ナゾトキ×タイムスリップということで、未来のルークから手紙が届き、レイトンとルークは、タイムホールになっている時計店を通じ、10年後のロンドンに行きます。
彼らは、未来のロンドンを支配し暗躍しているギャング(マフィア)のボスに会いに行くことになります。
未来人達は、レイトン教授の帽子を見ては脅えるのです。

エンディングを見ました。
THE END後も続きがあるので、お見逃しなく。

相変わらずアニメーションやその他背景等のイラストが美しかったです。

私の苦手な古典パズルが減っていて、その点では易しくなっていました。
まだ解いていない問題にそれ系があるのかもしれませんが。

青年ルーク役の小栗旬さんは、声が合っていました。
落ち着いた声ながら、大変青年らしかったです。

ゲストキャラのナゾリーヌ。ゆうこりん(小倉優子)のキャラクターとピッタリでした。
黒い不思議ちゃん…。

レイトンの声は、前作に引き続き大泉洋さんです。
普段素で喋ってる声より渋いです。

レイトンの過去が描かれています。

作中、レイトンが点目であることについて、何度か触れていたと思います。
アロマは、その目がいいんだと言います。

ホテルでアロマが「レイトン先生とルークが一緒のベッドで寝れば、私も同じ部屋で眠れますね」とか言っていたと思います。
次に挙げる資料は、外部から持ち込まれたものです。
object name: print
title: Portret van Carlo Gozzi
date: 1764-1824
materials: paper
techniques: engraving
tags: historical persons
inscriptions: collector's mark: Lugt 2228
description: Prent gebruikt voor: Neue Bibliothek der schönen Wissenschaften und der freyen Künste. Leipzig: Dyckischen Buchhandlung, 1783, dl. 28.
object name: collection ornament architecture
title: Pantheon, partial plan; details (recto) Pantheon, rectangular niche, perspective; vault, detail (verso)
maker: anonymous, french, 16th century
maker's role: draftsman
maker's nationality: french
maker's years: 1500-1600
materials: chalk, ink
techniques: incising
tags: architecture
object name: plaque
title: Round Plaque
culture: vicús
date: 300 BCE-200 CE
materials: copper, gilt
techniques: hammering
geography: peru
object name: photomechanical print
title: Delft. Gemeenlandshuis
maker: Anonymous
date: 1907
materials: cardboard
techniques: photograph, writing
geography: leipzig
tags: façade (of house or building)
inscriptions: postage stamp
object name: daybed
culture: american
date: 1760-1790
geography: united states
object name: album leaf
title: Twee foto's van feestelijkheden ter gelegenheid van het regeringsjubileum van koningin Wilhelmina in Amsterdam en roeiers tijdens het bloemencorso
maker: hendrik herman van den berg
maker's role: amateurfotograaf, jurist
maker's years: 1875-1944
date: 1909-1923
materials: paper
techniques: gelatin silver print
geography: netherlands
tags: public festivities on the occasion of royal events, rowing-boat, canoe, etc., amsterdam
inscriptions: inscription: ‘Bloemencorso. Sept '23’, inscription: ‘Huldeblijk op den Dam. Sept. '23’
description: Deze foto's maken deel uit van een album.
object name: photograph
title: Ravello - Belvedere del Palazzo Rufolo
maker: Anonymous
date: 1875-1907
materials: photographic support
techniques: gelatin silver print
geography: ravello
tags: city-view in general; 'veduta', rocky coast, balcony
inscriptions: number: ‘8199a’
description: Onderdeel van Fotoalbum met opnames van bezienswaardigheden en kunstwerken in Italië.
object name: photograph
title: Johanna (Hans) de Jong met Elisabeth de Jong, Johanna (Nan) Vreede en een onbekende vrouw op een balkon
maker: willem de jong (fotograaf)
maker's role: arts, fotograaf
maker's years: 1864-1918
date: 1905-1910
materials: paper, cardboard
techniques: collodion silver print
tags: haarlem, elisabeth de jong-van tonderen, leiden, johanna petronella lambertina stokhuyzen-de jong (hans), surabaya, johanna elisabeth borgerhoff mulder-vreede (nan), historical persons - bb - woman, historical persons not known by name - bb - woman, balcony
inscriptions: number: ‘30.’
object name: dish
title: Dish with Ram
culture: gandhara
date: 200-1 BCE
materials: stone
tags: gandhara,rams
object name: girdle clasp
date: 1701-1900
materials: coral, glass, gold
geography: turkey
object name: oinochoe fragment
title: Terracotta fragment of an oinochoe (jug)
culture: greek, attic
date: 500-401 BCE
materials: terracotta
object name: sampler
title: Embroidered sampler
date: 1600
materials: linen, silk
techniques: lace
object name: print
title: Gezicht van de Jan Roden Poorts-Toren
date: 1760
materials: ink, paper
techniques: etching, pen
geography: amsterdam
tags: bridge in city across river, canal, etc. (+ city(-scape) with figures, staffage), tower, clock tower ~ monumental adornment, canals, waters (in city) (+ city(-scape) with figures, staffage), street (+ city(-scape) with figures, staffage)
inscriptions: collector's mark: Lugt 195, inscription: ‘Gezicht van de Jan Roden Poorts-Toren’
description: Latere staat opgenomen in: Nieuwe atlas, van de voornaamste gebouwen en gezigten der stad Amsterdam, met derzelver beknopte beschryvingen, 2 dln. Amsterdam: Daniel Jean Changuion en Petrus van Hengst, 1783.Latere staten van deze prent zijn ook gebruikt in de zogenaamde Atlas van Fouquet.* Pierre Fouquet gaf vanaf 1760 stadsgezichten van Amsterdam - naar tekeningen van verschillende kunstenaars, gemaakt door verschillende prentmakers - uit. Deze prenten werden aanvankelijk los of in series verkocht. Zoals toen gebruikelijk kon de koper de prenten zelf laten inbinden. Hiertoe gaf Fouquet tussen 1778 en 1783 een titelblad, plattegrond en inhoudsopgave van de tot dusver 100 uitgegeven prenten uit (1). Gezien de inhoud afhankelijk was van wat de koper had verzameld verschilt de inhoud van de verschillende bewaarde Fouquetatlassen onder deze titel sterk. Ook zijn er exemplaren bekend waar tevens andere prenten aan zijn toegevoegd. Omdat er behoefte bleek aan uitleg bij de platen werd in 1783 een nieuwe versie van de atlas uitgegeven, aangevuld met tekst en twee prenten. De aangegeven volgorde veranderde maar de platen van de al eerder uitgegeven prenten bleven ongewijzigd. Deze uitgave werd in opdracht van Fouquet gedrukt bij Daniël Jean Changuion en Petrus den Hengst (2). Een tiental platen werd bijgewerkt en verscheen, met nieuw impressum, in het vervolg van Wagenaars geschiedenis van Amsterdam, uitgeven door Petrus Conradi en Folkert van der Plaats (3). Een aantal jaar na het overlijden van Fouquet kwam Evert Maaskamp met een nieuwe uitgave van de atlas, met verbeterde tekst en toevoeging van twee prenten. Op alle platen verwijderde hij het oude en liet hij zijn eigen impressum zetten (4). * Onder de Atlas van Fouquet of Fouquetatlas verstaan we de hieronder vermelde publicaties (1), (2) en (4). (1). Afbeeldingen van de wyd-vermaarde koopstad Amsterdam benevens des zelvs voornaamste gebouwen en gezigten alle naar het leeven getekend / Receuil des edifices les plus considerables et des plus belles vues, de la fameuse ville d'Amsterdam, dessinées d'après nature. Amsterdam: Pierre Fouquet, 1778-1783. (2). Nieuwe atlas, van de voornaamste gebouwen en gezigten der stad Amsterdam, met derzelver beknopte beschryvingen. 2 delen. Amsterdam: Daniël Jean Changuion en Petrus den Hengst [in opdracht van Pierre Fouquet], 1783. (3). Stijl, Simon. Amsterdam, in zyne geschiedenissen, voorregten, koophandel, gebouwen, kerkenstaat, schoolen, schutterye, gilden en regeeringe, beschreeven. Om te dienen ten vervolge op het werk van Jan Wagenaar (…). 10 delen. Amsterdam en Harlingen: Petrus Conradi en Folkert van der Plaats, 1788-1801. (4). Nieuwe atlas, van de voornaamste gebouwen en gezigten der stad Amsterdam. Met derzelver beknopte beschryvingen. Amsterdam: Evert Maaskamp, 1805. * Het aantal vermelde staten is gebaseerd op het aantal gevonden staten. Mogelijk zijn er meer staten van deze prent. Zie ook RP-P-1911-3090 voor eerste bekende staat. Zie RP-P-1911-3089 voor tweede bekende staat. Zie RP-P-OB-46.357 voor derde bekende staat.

(検索したら、「先生とルークがそっちに寝て、私がこっちに寝れば問題ないわね」というのもあったのですが、意味はあまり変わらないのでそのままで。)
ツインの3人使用ですか。狭い!

ノラネコがひょろっとした独特のフォルムでした。干からびた…猫?

あちこちをタッチすると出る台詞が、時々面白かったです。

今作では、3つのヒントの他に、ひらめきコインを2枚使うスペシャルヒント(Sヒント)があります。
これは、4つめのヒントにして、かなり答えに近いものです。
にも関わらず、Sヒントを見ても自力で解けない問題があり、かつ、それが絶対に解かなくては前に進めないものだったので、人の手を借りました…。くやしいです。
あと、ものすごく簡単な問題に、ひらめきコイン5枚を使ってしまったのもくやしいです。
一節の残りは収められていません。